张叔往椅背上靠了靠,双手交叉抱在胸前,眼神严肃地看着曹伟兵,问道:“伟兵同志,你的意思是这个桥是市上单位建的?”他的声音沉稳有力,带着一丝不容置疑的威严。
“这个桥县政府是业主,施工咱们县里干不了,是由市交通局的工程队建的,后来以交通局工程队为班底成立了交通工程公司嘛。”曹伟兵如实回答,语气中还带着一丝无奈。
听到这话,我心里立刻想到:交通工程公司那不是平安县崔浩和陈解放负责的吗?这两人可都判了啊,如今这座桥的建设又牵扯到他们曾经管理的公司,这其中的关联不禁让人浮想联翩。
张叔点点头说:“好了,基本情况了解了,具体的会由市检察院反贪局牵头对这件事进行全面督促调查。相关同志做好配合就行。在这期间,大家安心工作。李市长,朝阳县长,你们还有没有什么?
我和李叔都摇了摇头。
张叔道:“同志们,那今天的情况通报会就这样,散会。”他的话语简洁明了,带着一种果断的决策力,会议桌周围的人纷纷开始收拾文件和笔记本,大家都没有起身,而是等着市里领导先行离场。
我马上示意坐在旁边角落里的杨伯君。杨伯君一直安静地坐在那里,时刻关注着会议的动态,听到我的示意,他赶忙小跑上来,动作利落地帮张叔搬开凳子,拿起张叔的皮包。随后,张叔和李叔俩人来到我的办公室小坐。办公室里,李叔很是自然的坐到了我的办公桌上,张叔则是在长条椅子上坐了下来,大家围坐在一起,气氛依然凝重。张叔轻轻叹气,李叔眉头紧锁。

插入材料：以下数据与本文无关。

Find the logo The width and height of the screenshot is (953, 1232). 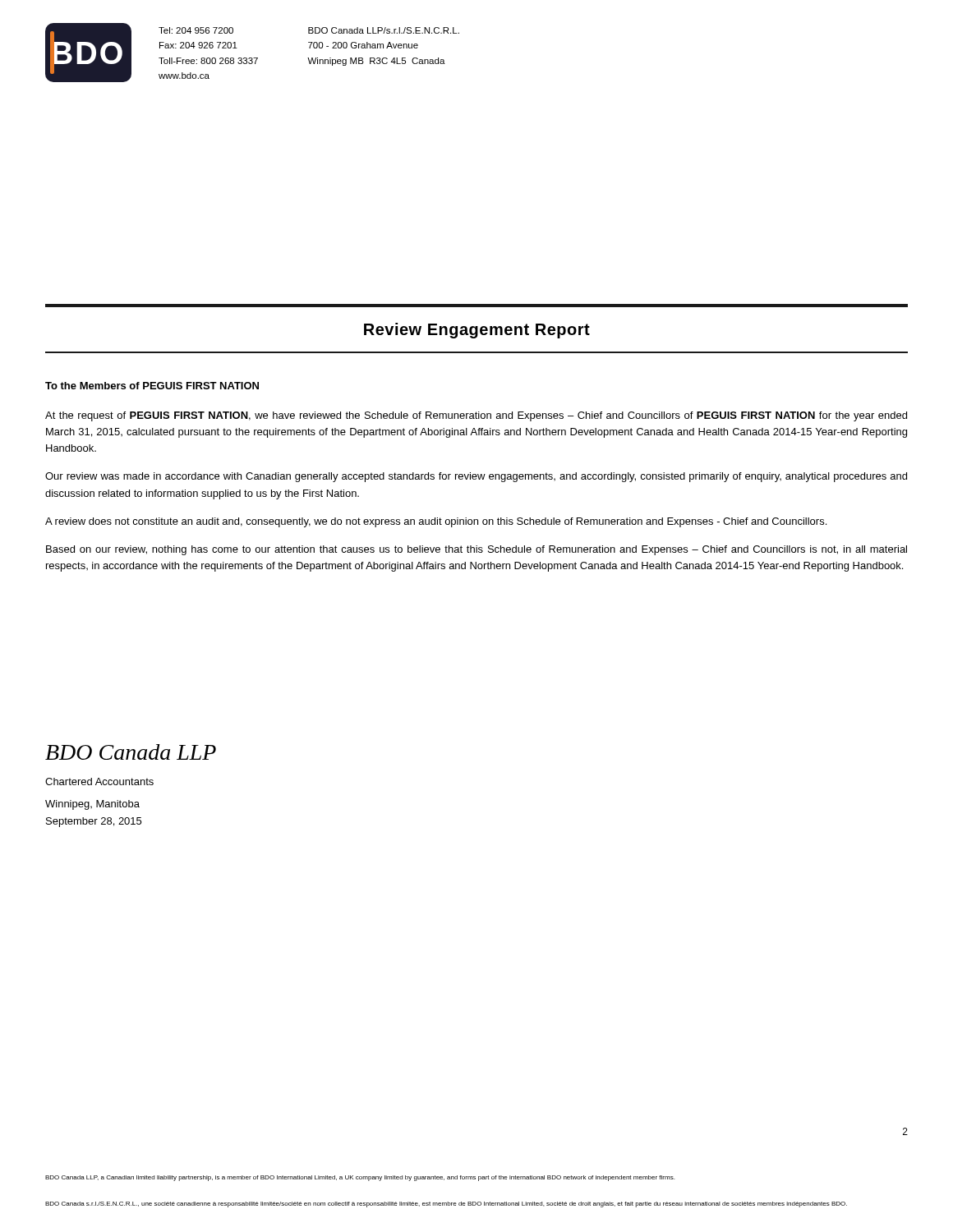click(x=90, y=53)

领导走了,各位县委常委们和副县长也都各自缓缓起身,但大家明显都多了几分心事。毕竟出了这么大的事情,当初不少人都参与了高标准公路建设。除了桥梁问题,张叔已经初步判定整个路面也存在质量问题。如果这样综合判断下去,涉及的干部不会少。大家在走出会议室的路上,脚步都显得格外沉重,彼此之间交流甚少,眼神中都透露出一丝忧虑和不安。

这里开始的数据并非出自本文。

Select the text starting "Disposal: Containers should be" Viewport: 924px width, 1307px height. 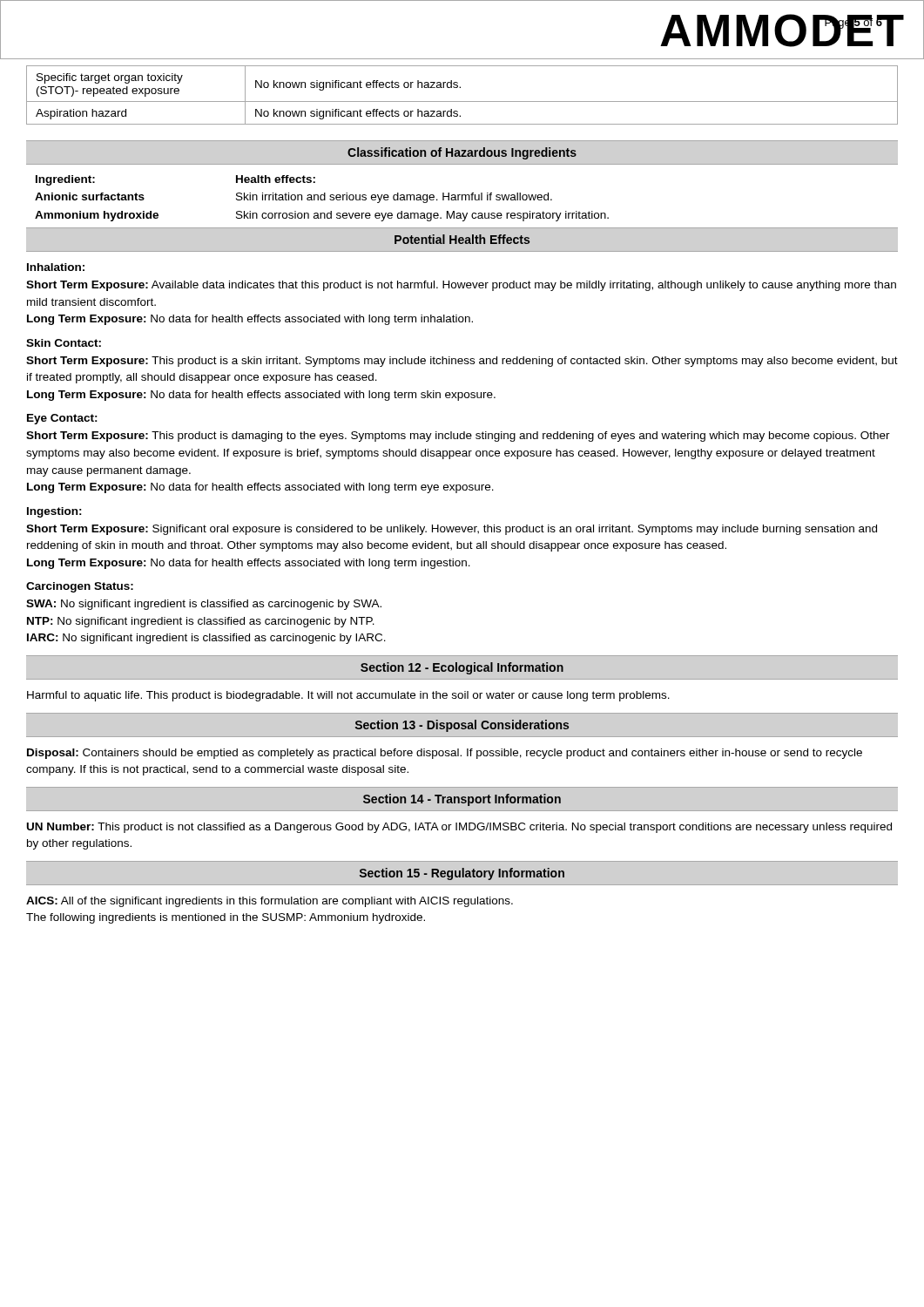444,761

县委副书记刘进京等人各自散去。曹伟兵一边收拾自己的本子和笔,这时,县委常委、政法委书记沈鹏双手插兜,不紧不慢地走到副县长曹伟兵跟前,似笑非笑地说:“伟兵县长,你的记性不错嘛。”那语气中带着一丝阴阳怪气,让人捉摸不透他的真实想法。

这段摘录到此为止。